19
‘Mijn beste Felix, Onze-Lieve-Heer heeft je een zware beproeving opgelegd.’ Bisschop Hagen zuchtte ontdaan en leunde op de lederen onderlegger van zijn zware bureau. Hij was een stevige man met dun haar en diepliggende ogen, die Felix Thanner nu bezorgd gadesloegen. ‘Dat heeft Hij,’ antwoordde Thanner, en hij wreef zijn slapen. De donkere lambrisering van het grote kantoor verspreidde een geur van politoer waar hij hoofdpijn van kreeg en een beetje misselijk van werd. Maar dat kwam vast ook van zijn eigen opwinding. ‘Ik weet gewoon niet hoe ik hiermee moet omgaan.’

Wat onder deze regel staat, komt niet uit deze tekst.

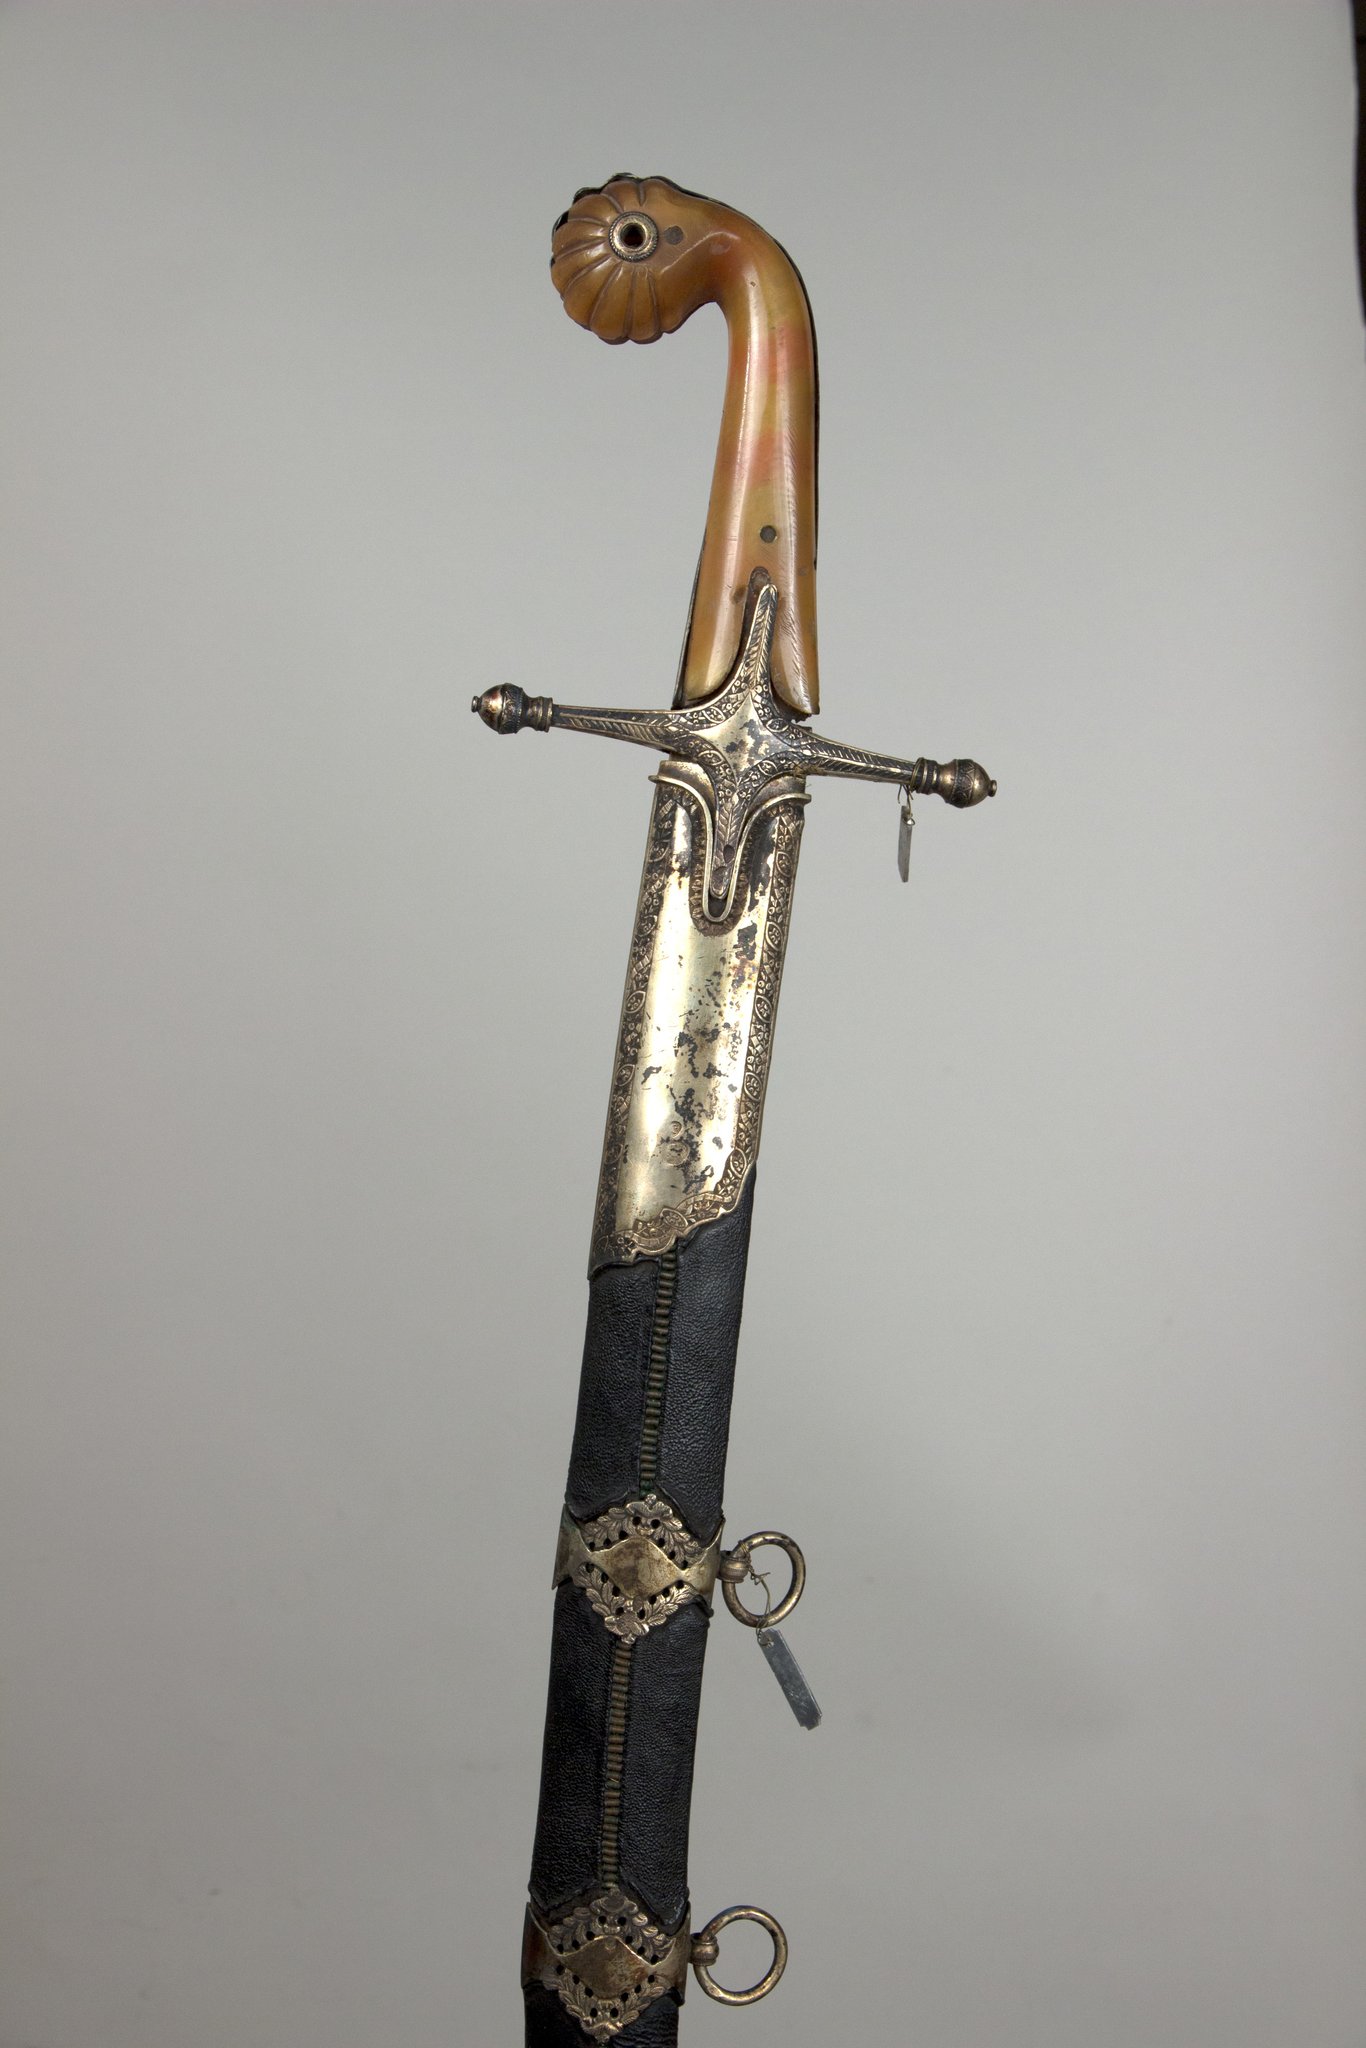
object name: sword with scabbard
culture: arabian or turkish
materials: horn, silver, steel
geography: ottoman empire

‘Nou, uit werelds oogpunt begrijp ik je dilemma heel goed,’ verzekerde de bisschop hem. ‘Je bent bang dat deze persoon nog meer mensen schade berokkent en dat valt op grond van je beschrijving van de hele zaak niet uit te sluiten. Alleen is het niet aan ons om in te grijpen in Gods plannen. Wij zijn slechts de uitvoerders. Hij heeft deze vrouw echter wel naar je toe geleid. Dat is al een begin. Wie weet toont ze binnenkort berouw en bekent ze haar schuld niet alleen aan Hem.’
‘Daar heb ik zo mijn twijfels over, eerwaarde. Op mij maakte ze eerder de indruk dat ze haar last alleen van zich af wilde praten. Werkelijk inzicht of zelfs berouw kon ik daarbij niet herkennen.’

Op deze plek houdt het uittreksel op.